I’ve read a lot of nonfiction this year that I consider to be important, even essential to the goal of social justice. There was Bertrand Russell, Christopher Hitchens, Susan Jacoby, and Sam Harris on the damaging nature of religion and anti-intellectualism; Angela Davis, James Baldwin, Audre Lorde, Toni Morrison, Martin Luther King, Jr., John Lewis, and Ta-Nehisi Coates on systematic white terrorism against black Americans; Roxane Gay, Lindy West, and Jaclyn Friedman on how utterly barbaric society is toward fat people and women’s bodies in general; Mark Schatzker’s The Dorito Effect and Jane Mayer’s Dark Money about the ways that powerful people with exclusively their own wealth in mind are controlling enormous facets of our lives in ways we can’t even see.

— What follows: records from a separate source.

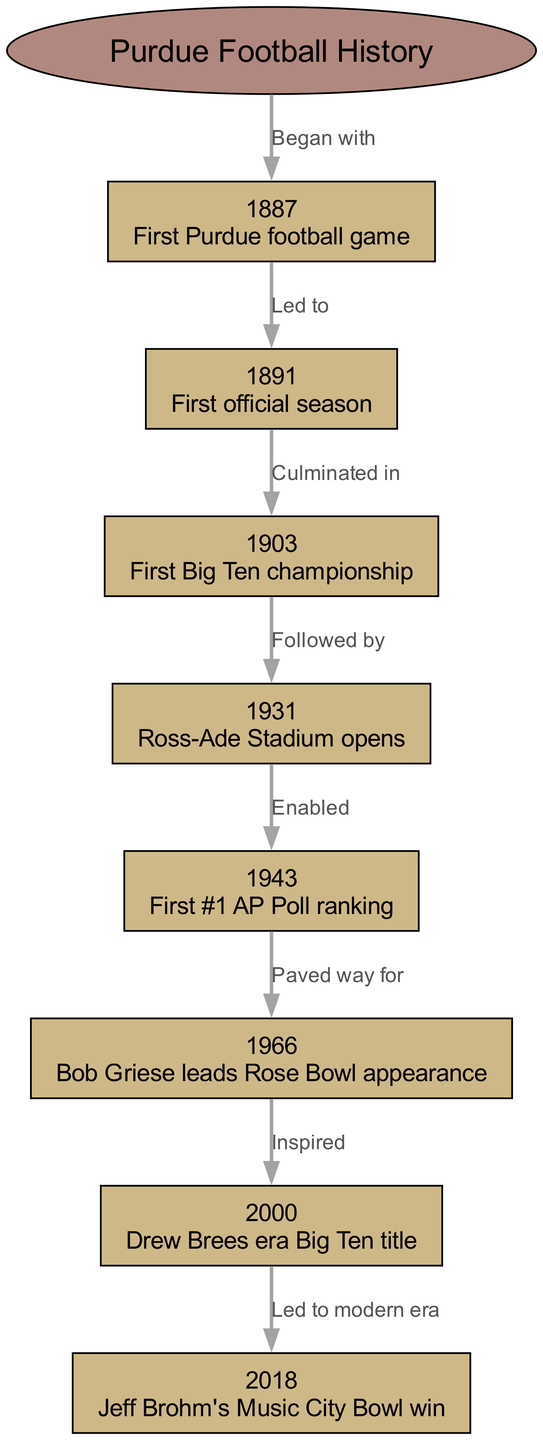What year did Purdue football play its first game? The diagram indicates that Purdue football's first game took place in the year labeled "1887." This can be found directly in the node for the first game.
Answer: 1887 What was significant about the year 1903 for Purdue football? According to the diagram, the year 1903 is associated with Purdue winning its first Big Ten championship, which is labeled clearly in the corresponding node.
Answer: First Big Ten championship Which milestone occurred after the opening of Ross-Ade Stadium in 1931? The diagram shows a flow from the "1931" node, which indicates that after the stadium opened, the first #1 AP Poll ranking occurred in 1943. This is evident from the edge connecting the two nodes.
Answer: First #1 AP Poll ranking How many total nodes are there in the concept map? The diagram lists a total of eight nodes, including the central concept, its surrounding milestones, and events. This can be counted directly from the nodes provided in the diagram.
Answer: 8 Which event in 2000 is connected to modern Purdue football? The diagram illustrates a direct connection from the "2000" node, which signifies the Big Ten title during the Drew Brees era, leading to the modern era of Purdue football as indicated in the edge label.
Answer: Drew Brees era Big Ten title What event enabled the first #1 AP Poll ranking for Purdue? The diagram states that the opening of Ross-Ade Stadium in 1931 enabled the first #1 AP Poll ranking in 1943. This is shown through the edge that connects these two nodes with the label "Enabled."
Answer: Ross-Ade Stadium opens What did Bob Griese's achievement in 1966 inspire? The diagram describes an inspiration link from the 1966 node, which marks Bob Griese's Rose Bowl appearance, leading to significant developments in the following years, including the year 2000. This flow shows a chronological progression that links Griese's event to future successes.
Answer: Drew Brees era Big Ten title In what year did Purdue achieve its first official season? According to the diagram, the first official season of Purdue football is highlighted in the year 1891, which connects directly after the first game node.
Answer: 1891

So I’ve said this before, and I’m sure I’ll say it again, because I make a point of seeking out books like this. But if there’s one book I could get everyone to read right now, it would be this one. Even next to Ta-Nehisi Coates’s We Were Eight Years in Power, which I’m reading concurrently and which is staggering in its importance, this book feels urgent—because what it explains is how our new economy of Big Data is codifying, concealing, and amplifying inequality of every kind, on an enormous scale. Every injustice I read about in Coates’s book is made worse by what I read here.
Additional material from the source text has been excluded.